Data for processing
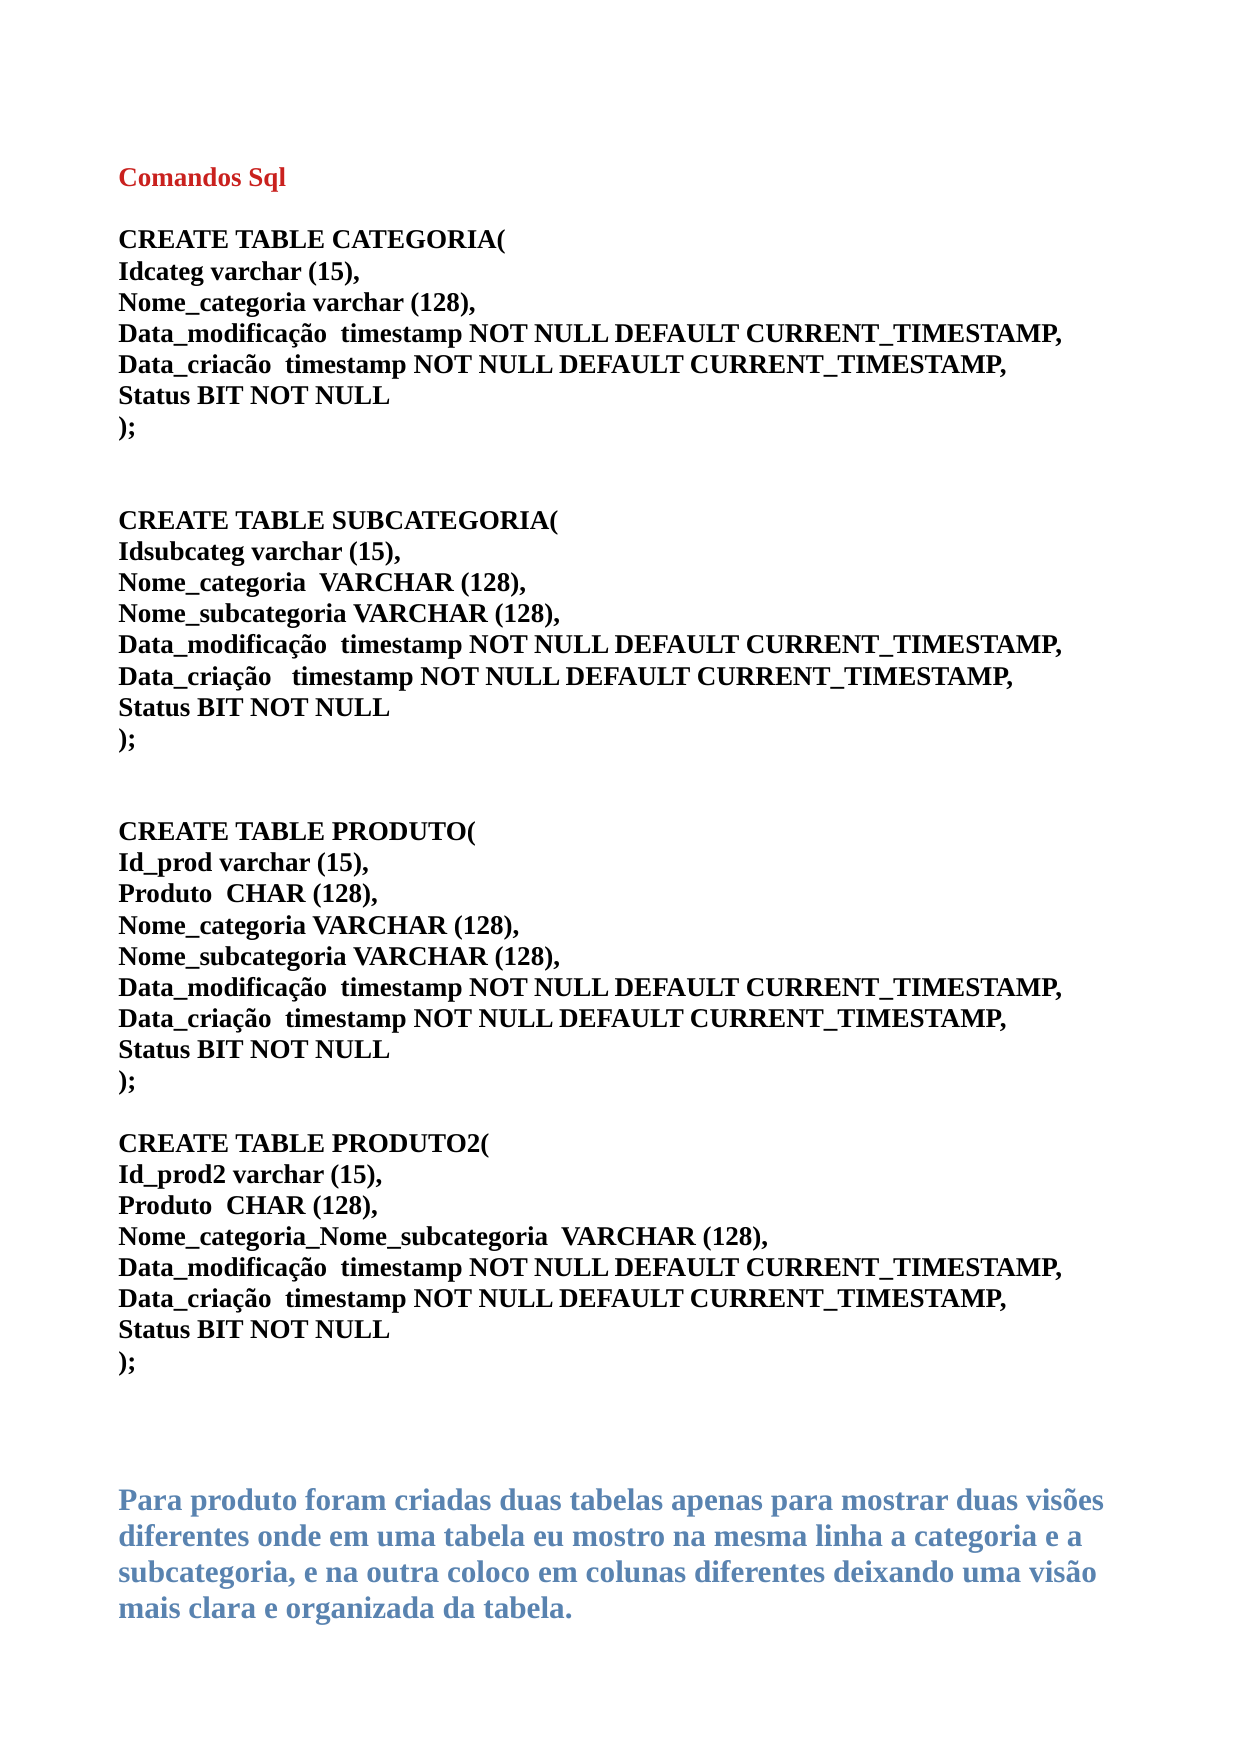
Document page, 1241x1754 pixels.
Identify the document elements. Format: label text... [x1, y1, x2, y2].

text Idsubcateg varchar (15), [118, 535, 1122, 566]
text Comandos Sql [118, 161, 1122, 192]
text Data_criação timestamp NOT NULL DEFAULT CURRENT_TIMESTAMP, [118, 1282, 1122, 1314]
text Data_modificação timestamp NOT NULL DEFAULT CURRENT_TIMESTAMP, [118, 971, 1122, 1002]
text Nome_categoria VARCHAR (128), [118, 909, 1122, 940]
text Nome_categoria VARCHAR (128), [118, 566, 1122, 597]
text Data_modificação timestamp NOT NULL DEFAULT CURRENT_TIMESTAMP, [118, 1251, 1122, 1282]
text Id_prod2 varchar (15), [118, 1158, 1122, 1189]
text ); [118, 722, 1122, 753]
text Nome_subcategoria VARCHAR (128), [118, 597, 1122, 628]
text Data_criacão timestamp NOT NULL DEFAULT CURRENT_TIMESTAMP, [118, 348, 1122, 379]
text Data_modificação timestamp NOT NULL DEFAULT CURRENT_TIMESTAMP, [118, 628, 1122, 659]
text ); [118, 1064, 1122, 1096]
text Status BIT NOT NULL [118, 691, 1122, 722]
text ); [118, 1345, 1122, 1376]
text Status BIT NOT NULL [118, 1314, 1122, 1345]
text Status BIT NOT NULL [118, 379, 1122, 410]
text Produto CHAR (128), [118, 1189, 1122, 1220]
text Nome_categoria varchar (128), [118, 286, 1122, 317]
text Para produto foram criadas duas tabelas apenas para mostrar duas visões diferentes onde em uma tabela eu mostro na mesma linha a categoria e a subcategoria, e na outra coloco em colunas diferentes deixando uma visão mais clara e organizada da tabela. [118, 1481, 1122, 1625]
text Nome_subcategoria VARCHAR (128), [118, 940, 1122, 971]
text Data_criação timestamp NOT NULL DEFAULT CURRENT_TIMESTAMP, [118, 659, 1122, 691]
text CREATE TABLE PRODUTO2( [118, 1127, 1122, 1158]
text Idcateg varchar (15), [118, 255, 1122, 286]
text CREATE TABLE SUBCATEGORIA( [118, 504, 1122, 535]
text Produto CHAR (128), [118, 878, 1122, 909]
text ); [118, 410, 1122, 442]
text Id_prod varchar (15), [118, 846, 1122, 878]
text Data_criação timestamp NOT NULL DEFAULT CURRENT_TIMESTAMP, [118, 1002, 1122, 1033]
text Nome_categoria_Nome_subcategoria VARCHAR (128), [118, 1220, 1122, 1251]
text CREATE TABLE CATEGORIA( [118, 223, 1122, 255]
text Status BIT NOT NULL [118, 1033, 1122, 1064]
text CREATE TABLE PRODUTO( [118, 815, 1122, 846]
text Data_modificação timestamp NOT NULL DEFAULT CURRENT_TIMESTAMP, [118, 317, 1122, 348]

What to do
Each line from the one holding "text ); [118, 1064, 1122, 1096]" to the end of the data above goes into the answer exactly as written, and no other line does.

Answer to this exercise
text ); [118, 1064, 1122, 1096]
text Status BIT NOT NULL [118, 691, 1122, 722]
text ); [118, 1345, 1122, 1376]
text Status BIT NOT NULL [118, 1314, 1122, 1345]
text Status BIT NOT NULL [118, 379, 1122, 410]
text Produto CHAR (128), [118, 1189, 1122, 1220]
text Nome_categoria varchar (128), [118, 286, 1122, 317]
text Para produto foram criadas duas tabelas apenas para mostrar duas visões diferentes onde em uma tabela eu mostro na mesma linha a categoria e a subcategoria, e na outra coloco em colunas diferentes deixando uma visão mais clara e organizada da tabela. [118, 1481, 1122, 1625]
text Nome_subcategoria VARCHAR (128), [118, 940, 1122, 971]
text Data_criação timestamp NOT NULL DEFAULT CURRENT_TIMESTAMP, [118, 659, 1122, 691]
text CREATE TABLE PRODUTO2( [118, 1127, 1122, 1158]
text Idcateg varchar (15), [118, 255, 1122, 286]
text CREATE TABLE SUBCATEGORIA( [118, 504, 1122, 535]
text Produto CHAR (128), [118, 878, 1122, 909]
text ); [118, 410, 1122, 442]
text Id_prod varchar (15), [118, 846, 1122, 878]
text Data_criação timestamp NOT NULL DEFAULT CURRENT_TIMESTAMP, [118, 1002, 1122, 1033]
text Nome_categoria_Nome_subcategoria VARCHAR (128), [118, 1220, 1122, 1251]
text CREATE TABLE CATEGORIA( [118, 223, 1122, 255]
text Status BIT NOT NULL [118, 1033, 1122, 1064]
text CREATE TABLE PRODUTO( [118, 815, 1122, 846]
text Data_modificação timestamp NOT NULL DEFAULT CURRENT_TIMESTAMP, [118, 317, 1122, 348]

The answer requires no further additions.